Task prompt - In the records below, which lines include "roll"? Copy them.

- - - - -

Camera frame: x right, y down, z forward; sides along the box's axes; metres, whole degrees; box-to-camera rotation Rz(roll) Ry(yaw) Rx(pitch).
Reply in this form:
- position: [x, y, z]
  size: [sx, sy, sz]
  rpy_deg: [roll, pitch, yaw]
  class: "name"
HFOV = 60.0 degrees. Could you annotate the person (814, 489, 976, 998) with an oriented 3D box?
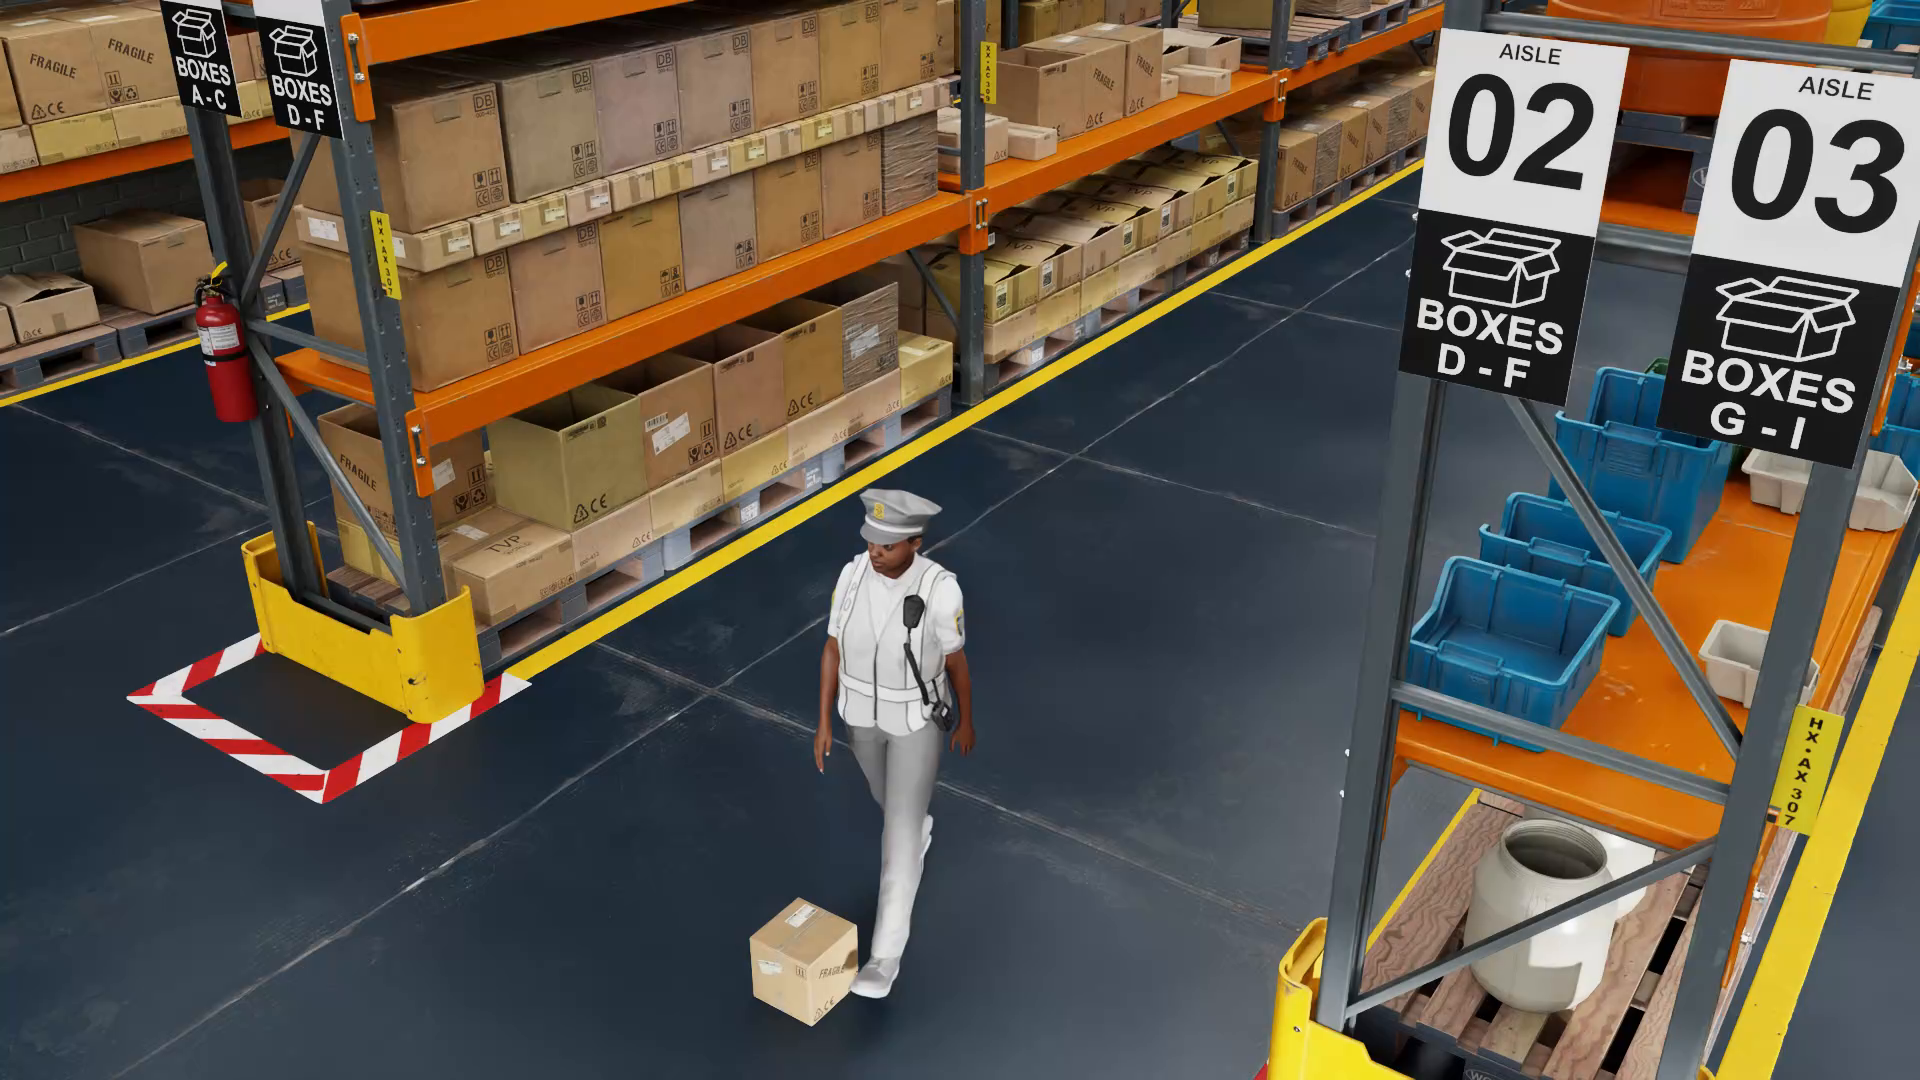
- position: [-0.253, 0.608, 5.421]
  size: [0.472, 1.631, 0.950]
  rpy_deg: [12, 29, 21]
  class: "person"

- - - - -

Exercise solution -
Camera frame: x right, y down, z forward; sides along the box's axes; metres, whole degrees; box-to-camera rotation Rz(roll) Ry(yaw) Rx(pitch).
  rpy_deg: [roll, pitch, yaw]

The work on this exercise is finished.